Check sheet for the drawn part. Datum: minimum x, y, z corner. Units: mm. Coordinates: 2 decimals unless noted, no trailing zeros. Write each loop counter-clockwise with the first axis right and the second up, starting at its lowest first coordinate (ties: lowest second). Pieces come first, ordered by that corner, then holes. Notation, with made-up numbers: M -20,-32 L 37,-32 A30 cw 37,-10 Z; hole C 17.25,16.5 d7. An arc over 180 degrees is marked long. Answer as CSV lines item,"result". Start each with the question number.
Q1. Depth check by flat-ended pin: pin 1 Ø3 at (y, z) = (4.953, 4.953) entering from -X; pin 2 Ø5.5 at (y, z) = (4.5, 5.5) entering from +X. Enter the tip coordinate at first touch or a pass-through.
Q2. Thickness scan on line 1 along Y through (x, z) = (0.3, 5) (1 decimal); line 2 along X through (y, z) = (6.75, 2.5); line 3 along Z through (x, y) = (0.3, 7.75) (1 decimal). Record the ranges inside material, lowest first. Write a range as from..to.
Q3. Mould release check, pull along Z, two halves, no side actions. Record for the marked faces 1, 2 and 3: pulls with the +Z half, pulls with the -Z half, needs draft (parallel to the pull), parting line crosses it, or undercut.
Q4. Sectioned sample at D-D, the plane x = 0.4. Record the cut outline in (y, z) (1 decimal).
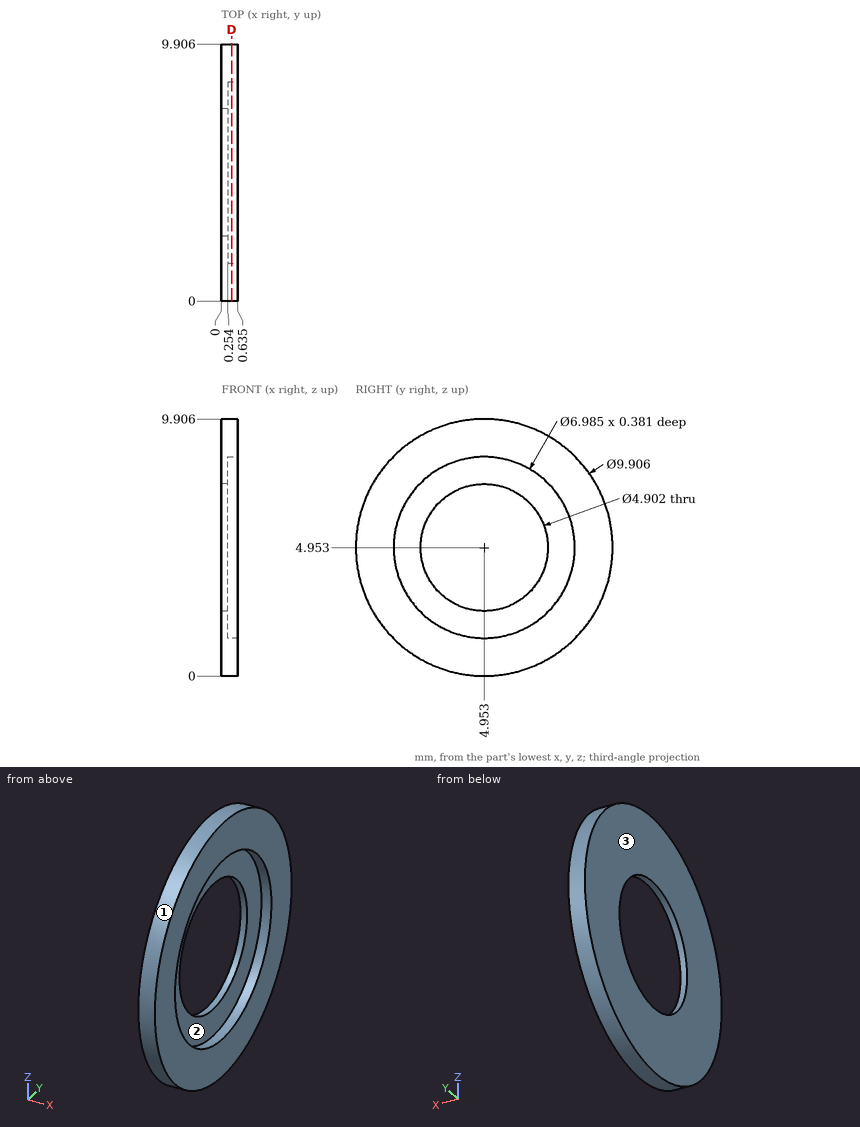
Output:
1,pin 1,"passes through"
1,pin 2,"stops at x = 0.25"
2,line 1,"y = 0..1.5, 8.4..9.9"
2,line 2,"x = 0..0.25"
2,line 3,"z = 0.9..2.9, 7..9"
3,face 1,"parting line crosses it"
3,face 2,"undercut"
3,face 3,"needs draft"
4,outline,"C 5,5 d9.9; hole C 5,5 d7"

────────

** Problem description **
Copy, from the lines above, each one that holds "Record".

** Response area **
Q2. Thickness scan on line 1 along Y through (x, z) = (0.3, 5) (1 decimal); line 2 along X through (y, z) = (6.75, 2.5); line 3 along Z through (x, y) = (0.3, 7.75) (1 decimal). Record the ranges inside material, lowest first. Write a range as from..to.
Q3. Mould release check, pull along Z, two halves, no side actions. Record for the marked faces 1, 2 and 3: pulls with the +Z half, pulls with the -Z half, needs draft (parallel to the pull), parting line crosses it, or undercut.
Q4. Sectioned sample at D-D, the plane x = 0.4. Record the cut outline in (y, z) (1 decimal).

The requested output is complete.